How do I get around the cracking?
I press the shirt for 20 seconds @ 350 degrees.........Am I supposed to use a teflon or other sheet on top of the decal on the t-shirt?

should I use another process to do the t-shirts?........... I can't do complicated images - because I have to cut out the white space on the transfer...geez.......silk-screening is cool...

thanks for the help!
Larry


----------



## Lnfortun (Feb 18, 2006)

lrfowler said:


> I've been using Paropy inkjet light pro heat transfer paper...with an HPN heat press.......and a Canon inkjet printer..........to white t-shirts..
> 
> my prints on the t-shirts seem to crack after a few washes........ I'm not real careful about how I wash and dry my clothes.......and I don't really feel like giving advice to others how they should wash their tshirts....
> 
> ...


Use Neenash's Jetpro Soft Stretch better known as JPSS instead. Prestretch the shirt before pressing the transfer. After peeling the transfer stretch the shirt while hot. Cover the image with parchment paper press it for 10 seconds. Again stretch whi!e hot. Wait 24 hours because the polymer will become brittle after 24 hours. Cover the shirt with parchment paper. Press for 10 seconds. Stretch while hot to soften the feel and seal the polymer deep into the fabric. The polymer background of JPSS is very minimal on white shirt. It will wash off. So you don't have to trim the image.

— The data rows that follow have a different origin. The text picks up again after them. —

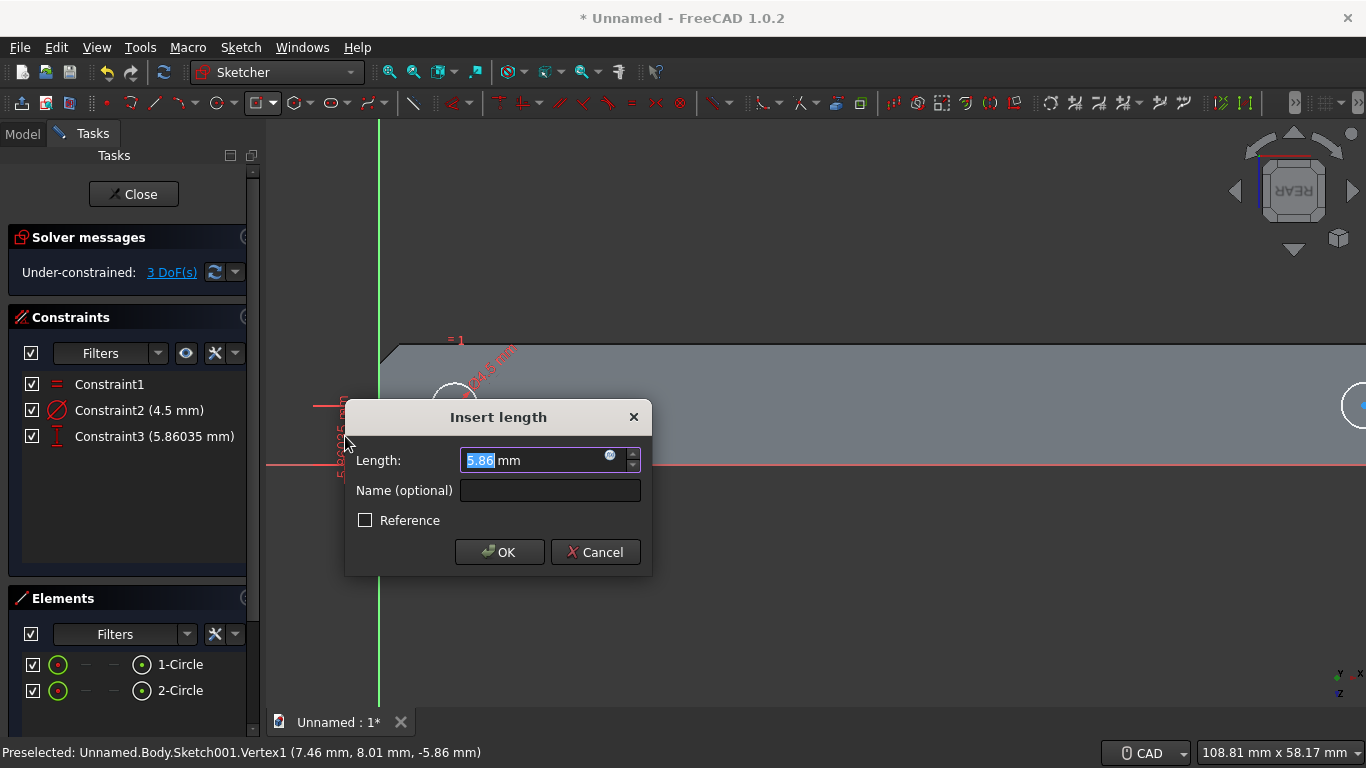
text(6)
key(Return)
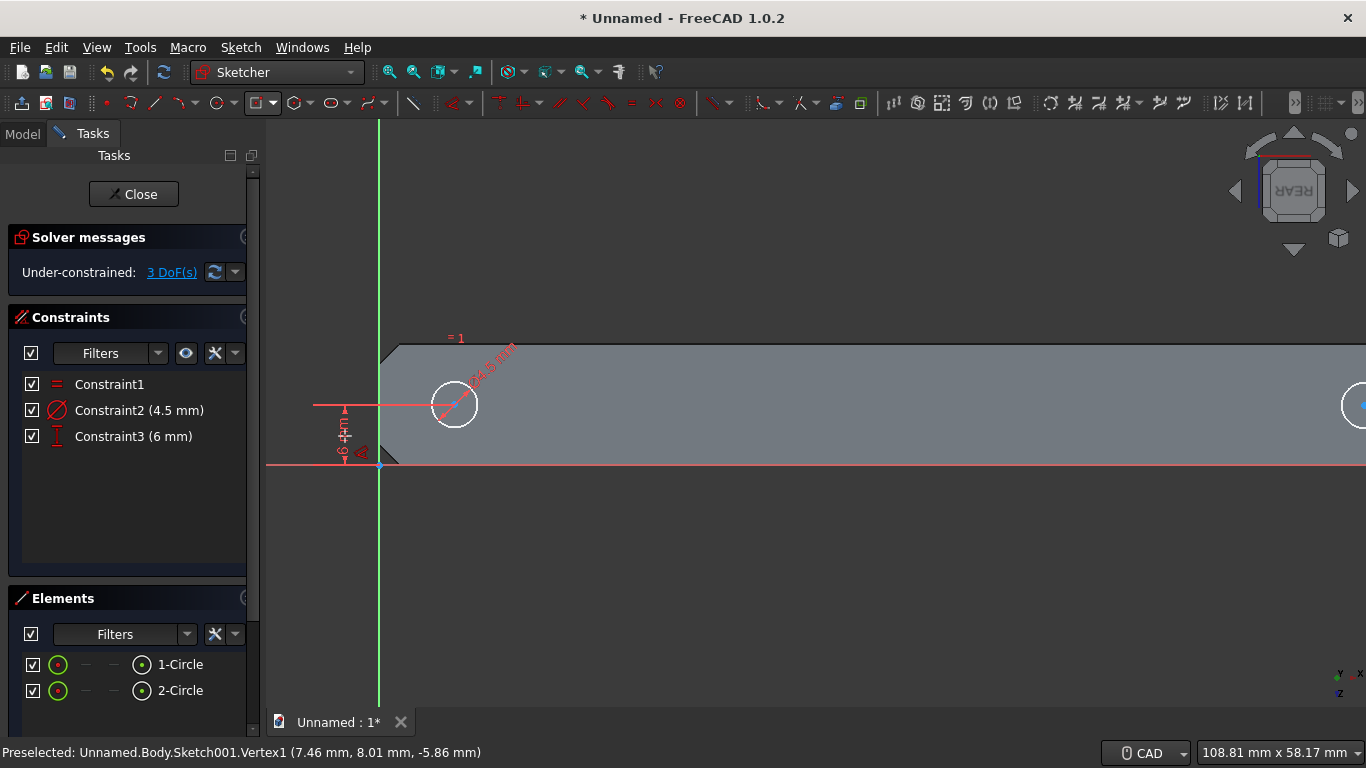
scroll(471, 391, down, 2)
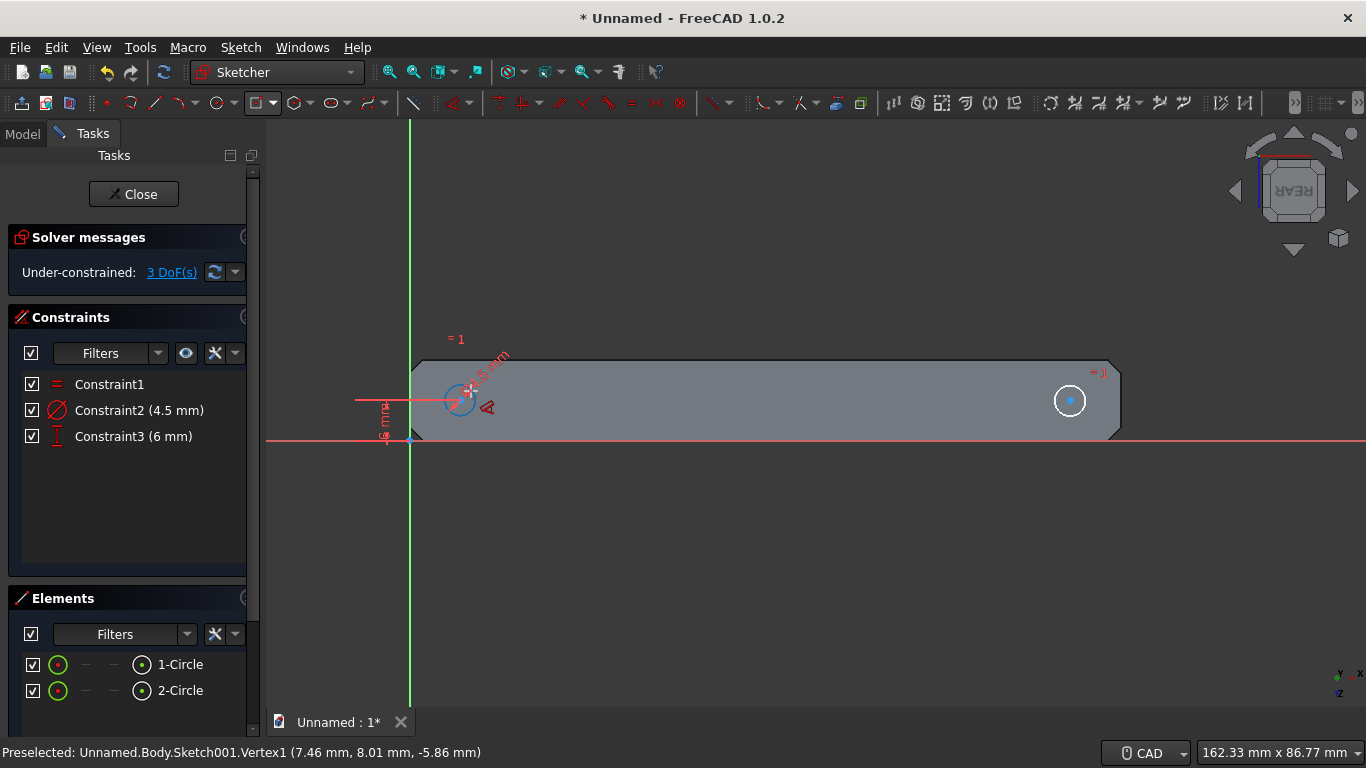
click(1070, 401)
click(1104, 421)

Use 50/50 shirt or tight knit 100 cotton like Fruit of the Loom HD.I

Btw the Canon ink does not bleed or wash off? Dye inkjet ink will bleed and wash off. Pigment is better for heat transfer.


----------



## lrfowler (Jan 2, 2020)

Lnfortun said:


> Use Neenash's Jetpro Soft Stretch better known as JPSS instead. Prestretch the shirt before pressing the transfer. After peeling the transfer stretch the shirt while hot. Cover the image with parchment paper press it for 10 seconds. Again stretch whi!e hot. Wait 24 hours because the polymer will become brittle after 24 hours. Cover the shirt with parchment paper. Press for 10 seconds. Stretch while hot to soften the feel and seal the polymer deep into the fabric. The polymer background of JPSS is very minimal on white shirt. It will wash off. So you don't have to trim the image.
> 
> Use 50/50 shirt or tight knit 100 cotton like Fruit of the Loom HD.I
> 
> Btw the Canon ink does not bleed or wash off? Dye inkjet ink will bleed and wash off. Pigment is better for heat transfer.


thanks for that info!!!
I have an Epson also....Epson XP-15000 ....is that pigment ink?


----------



## into the T (Aug 22, 2015)

lrfowler said:


> thanks for that info!!!
> I have an Epson also....Epson XP-15000 ....is that pigment ink?


dye (claria inks are dye, the epson's that use durabrite inks are pigment)


----------



## Lnfortun (Feb 18, 2006)

lrfowler said:


> thanks for that info!!!
> I have an Epson also....Epson XP-15000 ....is that pigment ink?


You can get 3rd party pigment ink. However, if the nozzles are made for dye the holes may be too small for pigment ink. Pigment ink has microscopic particles in it. The particles will potentially clog the nozzles in time.

I had Epson that came with Claria ink. I used pigment ink from Inkjetcarts.us. It did not clog but I made a mistake in updating the firmware. Epson put a lock in the update to prevent 3rd party cartridge to work and disabled the printer.

Test the claria ink for bleeding and fading. Print a transfer. Press it on the shirt. Soak the shirt for 30 minutes to an hour in plain water. Check for bleeding from time to time. Wash it few times then check for fading.

It is a risk you have to take.


----------